The possible relationship between changes in electrical and mechanical activity and in tissue levels of cyclic AMP (cAMP) during relaxation of the myogenically active rat portal vein has been elucidated in response to different inhibitory stimuli. Isoproterenol, 10^‐5M, caused an initial pronounced inhibition of spike discharge and contractions followed by a partial recovery over the 15 min exposure period. This inhibitory response was associated with doubling of tissue cAMP after 1 min and a less pronounced increase in later measurements (5 and 15 min). Papaverine, 10^‐4M, caused, in contrast, an inhibition of electrical and mechanical activity which developed gradually over the entire 15 min exposure period. The levels of cAMP at 1, 5 and 15 min all exceeded the corresponding values obtained with isoproterenol.
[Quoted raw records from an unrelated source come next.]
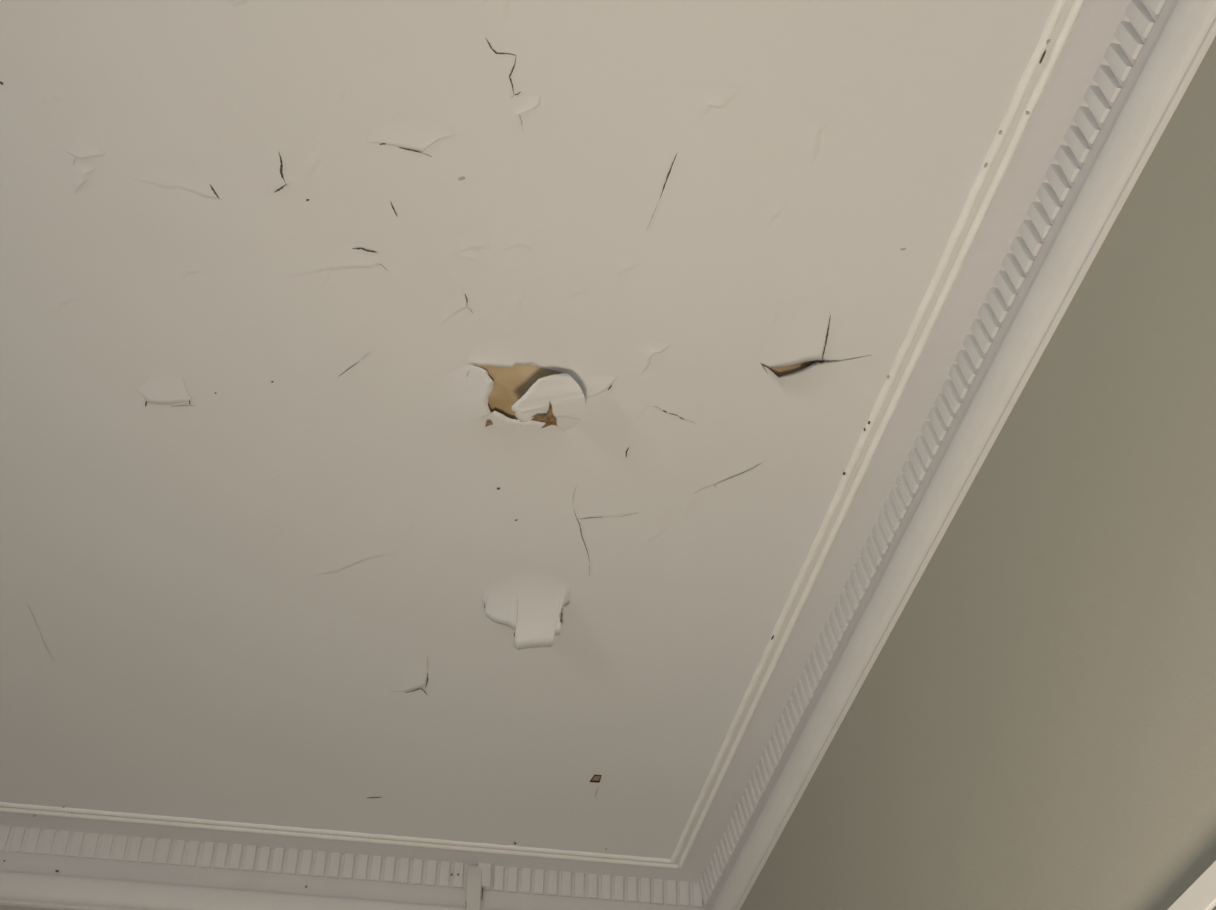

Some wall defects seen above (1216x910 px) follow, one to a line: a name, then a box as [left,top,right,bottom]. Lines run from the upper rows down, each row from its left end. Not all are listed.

crack [486,39,521,99]
crack [238,149,291,193]
crack [636,154,677,236]
crack [690,449,767,493]
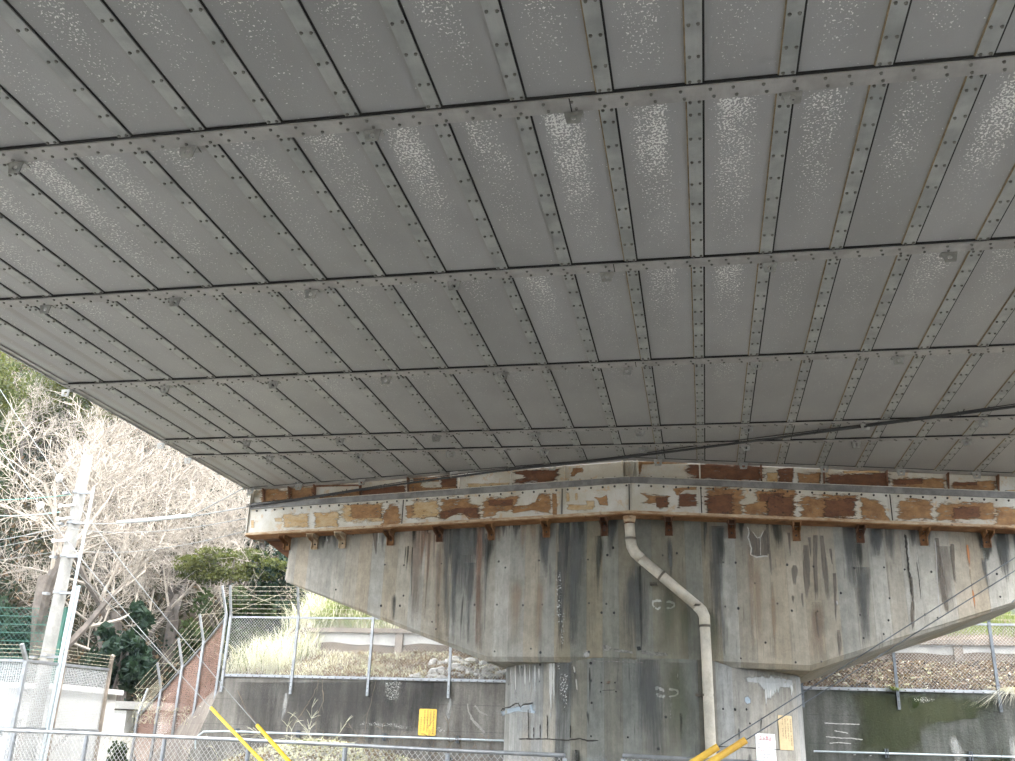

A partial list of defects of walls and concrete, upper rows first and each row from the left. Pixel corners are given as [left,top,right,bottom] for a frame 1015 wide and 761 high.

corrosion [260,468,608,609]
damp [443,527,493,624]
damp [539,522,584,644]
damp [596,520,617,580]
damp [627,566,643,638]
damp [704,522,724,630]
damp [766,524,791,571]
damp [792,535,841,656]
corrosion [638,461,1015,525]
damp [842,527,893,630]
damp [928,533,956,612]
damp [978,533,1015,583]
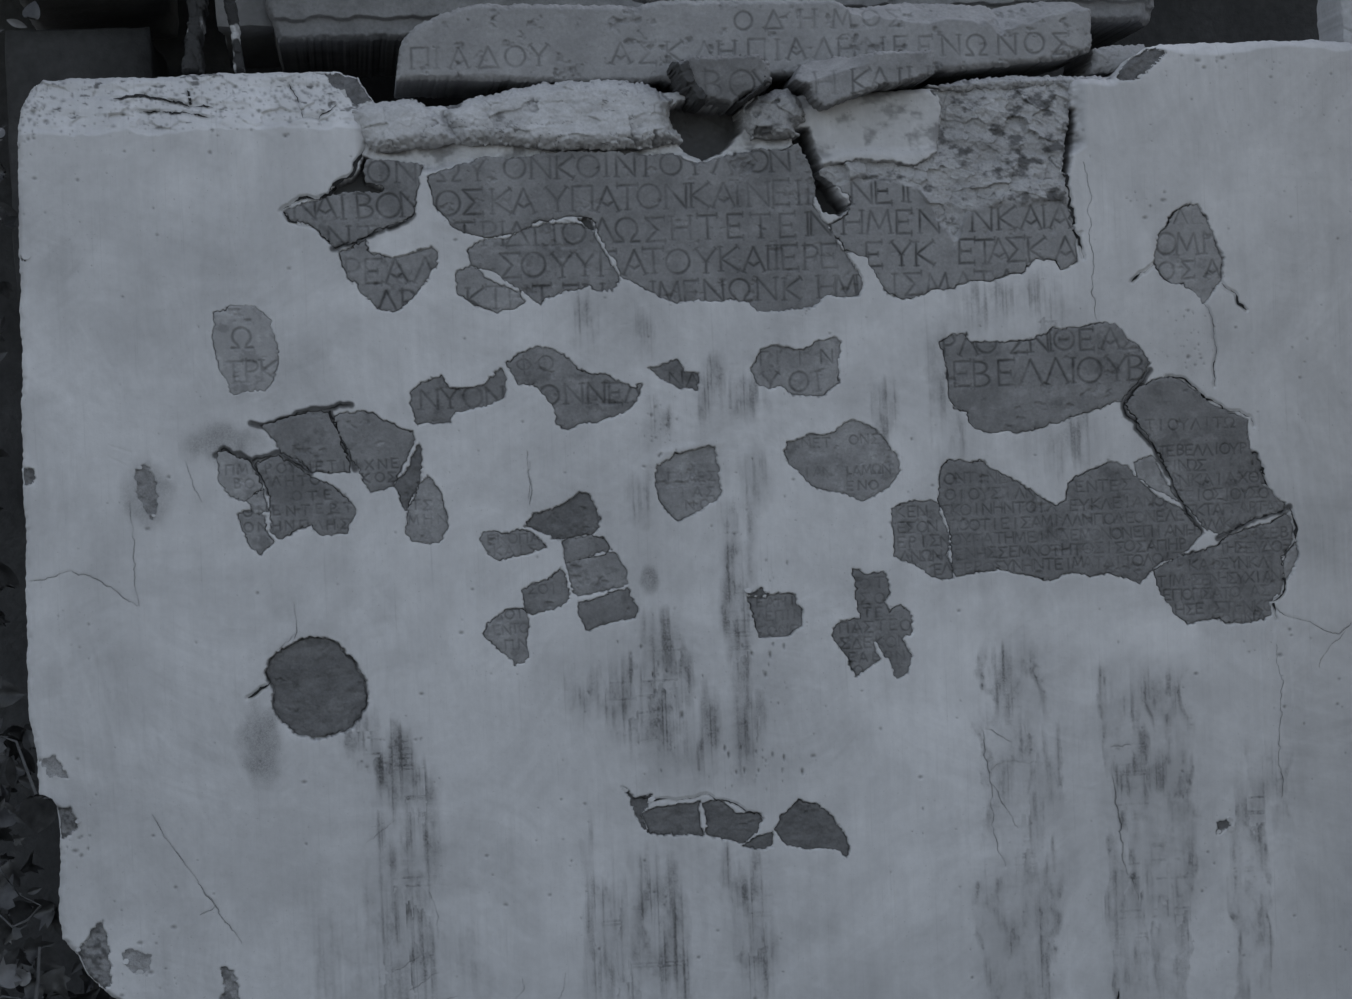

The two drugs in combination gave a biphasic inhibitory response associated with a sustained large increase in the level of cAMP. These drug induced inhibitions were thus accompanied by increased levels of cAMP, but the different time courses of the electromechanical responses could not be related to corresponding variations in the content of cAMP. Hyperosmolality (+ 150 mM sucrose) and mechanical vibrations (100 Hz) elicited differentiated inhibitions of smooth muscle activity without changes in tissue cAMP. The mechanical effects elicited by isoproterenol, papaverine and hyperosmolality were accompanied by approximately parallel changes in electrical spike discharge. It is concluded that increased levels of cAMP are not indispensible for vascular smooth muscle relaxation, and that the magnitude of pharmacologically induced inhibitions are not always closely related to the total tissue content of the nucleotide.